Data entries:
● ● ● ●
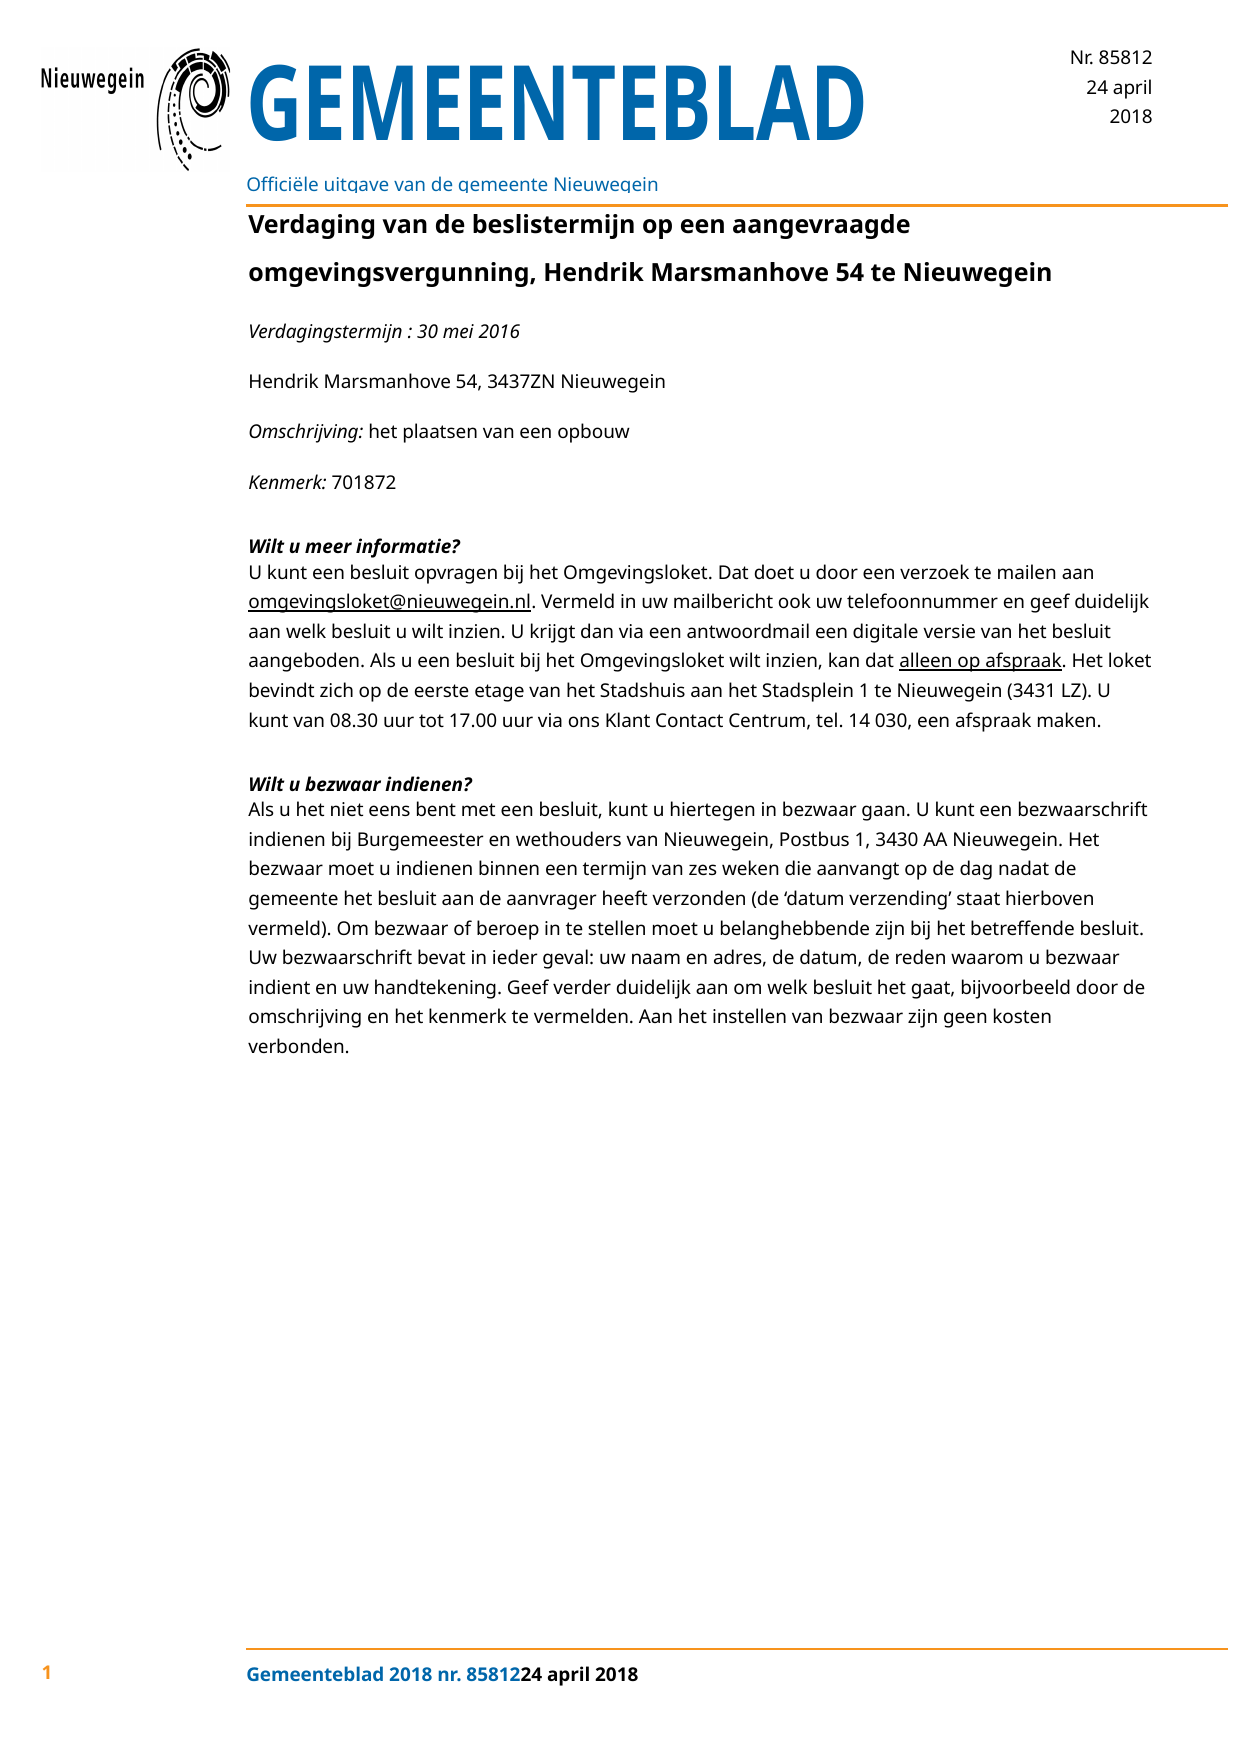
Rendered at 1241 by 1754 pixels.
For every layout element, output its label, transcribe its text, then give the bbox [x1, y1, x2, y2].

text Kenmerk: 701872 [248, 469, 1152, 495]
text Verdaging van de beslistermijn op een aangevraagde omgevingsvergunning, Hendrik Marsmanhove 54 te Nieuwegein [248, 207, 1152, 288]
text Verdagingstermijn : 30 mei 2016 [248, 318, 1152, 344]
text Wilt u meer informatie? [248, 533, 1152, 559]
text Omschrijving: het plaatsen van een opbouw [248, 419, 1152, 444]
text Als u het niet eens bent met een besluit, kunt u hiertegen in bezwaar gaan. U kunt een bezwaarschrift indienen bij Burgemeester en wethouders van Nieuwegein, Postbus 1, 3430 AA Nieuwegein. Het bezwaar moet u indienen binnen een termijn van zes weken die aanvangt op de dag nadat de gemeente het besluit aan de aanvrager heeft verzonden (de ‘datum verzending’ staat hierboven vermeld). Om bezwaar of beroep in te stellen moet u belanghebbende zijn bij het betreffende besluit. Uw bezwaarschrift bevat in ieder geval: uw naam en adres, de datum, de reden waarom u bezwaar indient en uw handtekening. Geef verder duidelijk aan om welk besluit het gaat, bijvoorbeeld door de omschrijving en het kenmerk te vermelden. Aan het instellen van bezwaar zijn geen kosten verbonden. [248, 796, 1152, 1059]
text U kunt een besluit opvragen bij het Omgevingsloket. Dat doet u door een verzoek te mailen aan omgevingsloket@nieuwegein.nl. Vermeld in uw mailbericht ook uw telefoonnummer en geef duidelijk aan welk besluit u wilt inzien. U krijgt dan via een antwoordmail een digitale versie van het besluit aangeboden. Als u een besluit bij het Omgevingsloket wilt inzien, kan dat alleen op afspraak. Het loket bevindt zich op de eerste etage van het Stadshuis aan het Stadsplein 1 te Nieuwegein (3431 LZ). U kunt van 08.30 uur tot 17.00 uur via ons Klant Contact Centrum, tel. 14 030, een afspraak maken. [248, 559, 1152, 732]
text Wilt u bezwaar indienen? [248, 771, 1152, 796]
picture [41, 47, 231, 172]
text Hendrik Marsmanhove 54, 3437ZN Nieuwegein [248, 368, 1152, 394]
● ● ● ●
TASK STATEMENT: Go through the records above and report how many lines contain "Marsmanhove". Write the number only.

YOUR SOLUTION: 2